Convective refers to heat transfer between an object and a moving fluid such as wind. This depends heavily on the total surface area available (such as fins on a radiator).
Radiative means absorption or emission of photons. The energy transfer rate depends on the surface properties, called "emissivity" or equivalently "absorptivity" and is wavelength-dependent for any given material.
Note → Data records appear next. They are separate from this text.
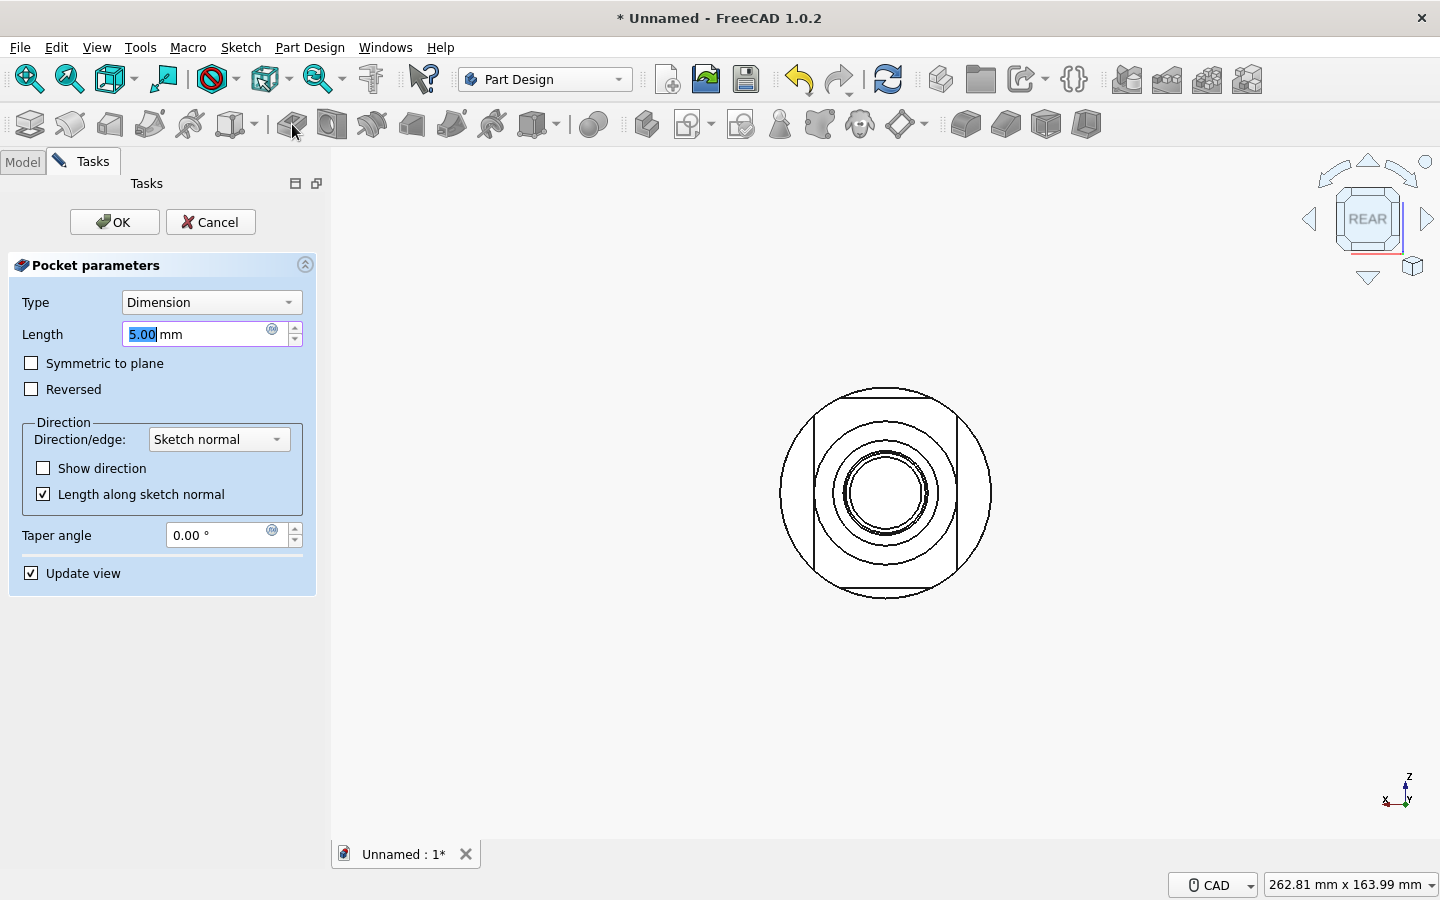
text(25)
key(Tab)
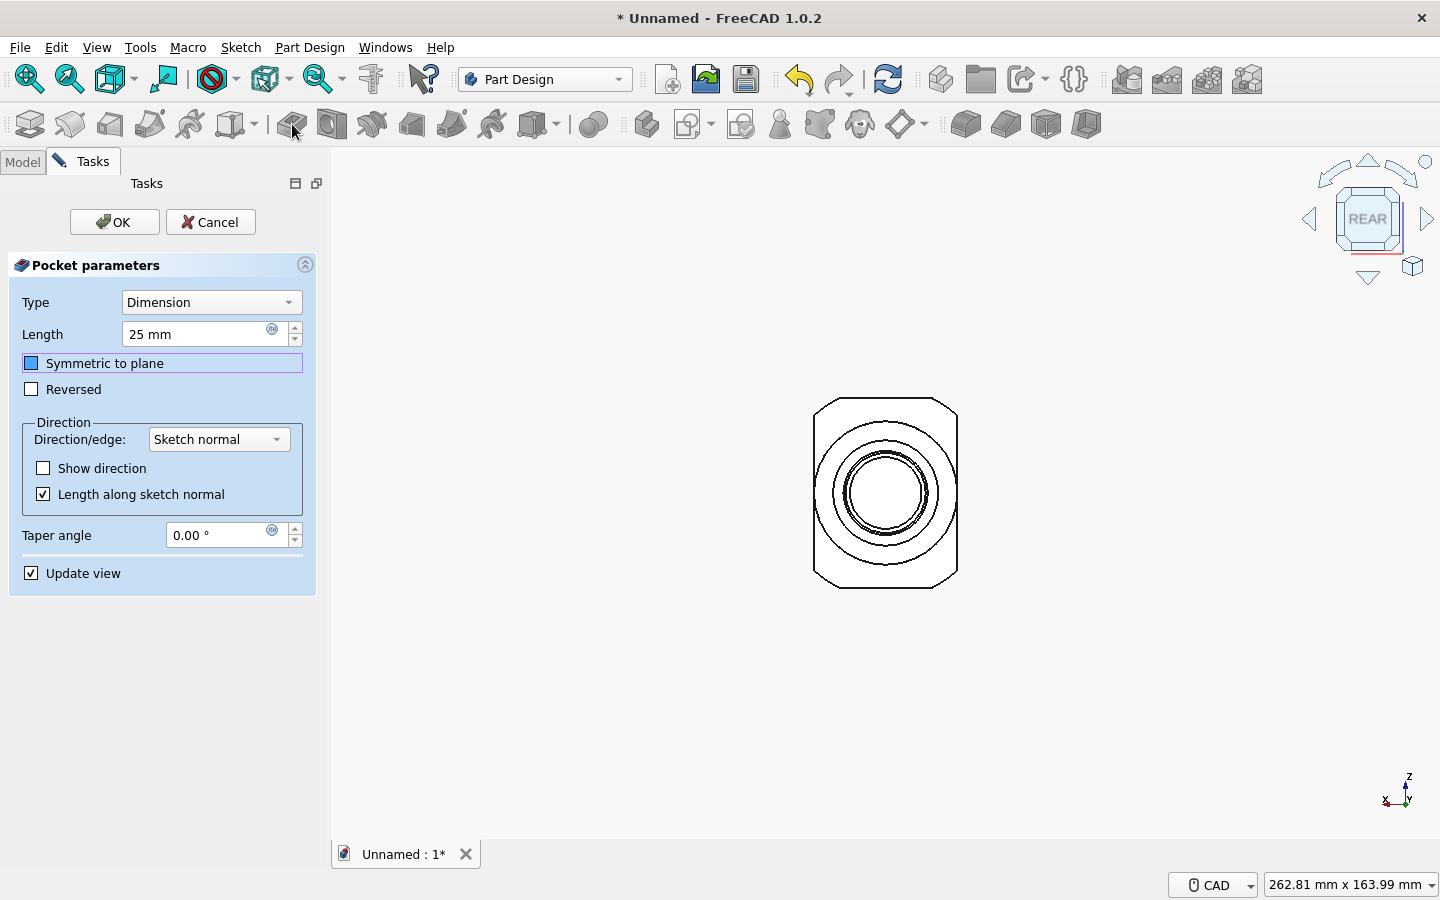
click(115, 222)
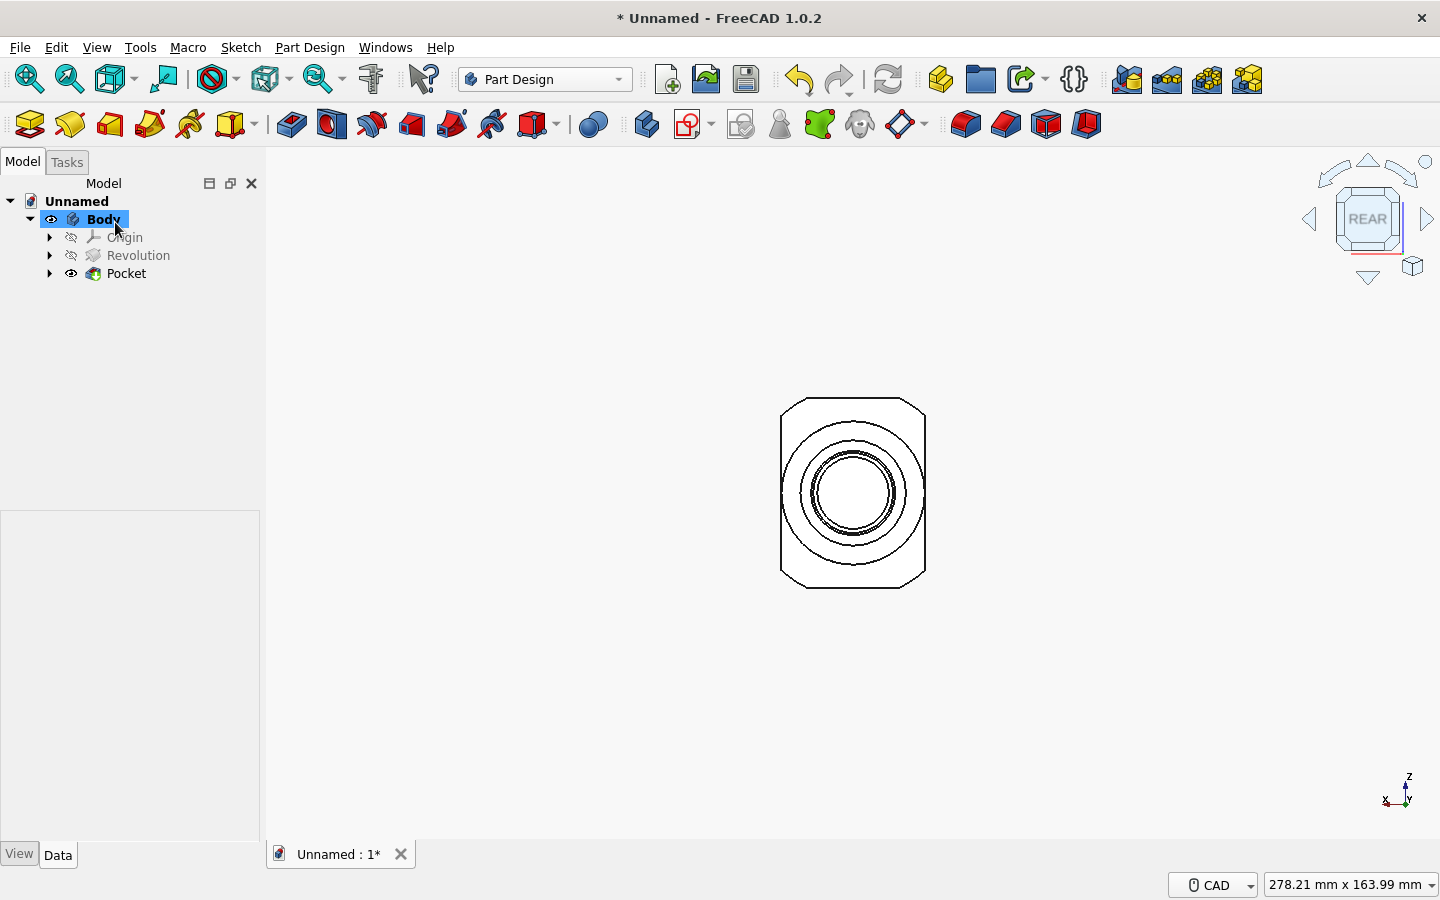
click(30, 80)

OK, so with that in mind, yes a black object generally will absorb more sunlight than a lighter shade of ground/dirt. This is a generality, as the absorptivity in the infrared may be different than in the visible. At the same time, the conductive heat loss/gain to the ground depends on the total contact area, and further will be much greater if the ground is damp, because water is good at conducting a lot of heat 'fast.' After dark, the radiative processes are sort of reversed. It's not an exact reversal because the spectral radiation rates depend on the material AND on the temperature of the object. (actually the radiation rates apply all the time; it's just that in daylight each object absorbs more light than it radiates until it reaches a thermal equilibrium).
In sum, the black object probably will get cold faster, and get colder than the ground. As a practical example, come to New England in the late Fall. On cool nights, black stuff such as roof shingles often frost over when other things like white walls don't, because of radiative cooling.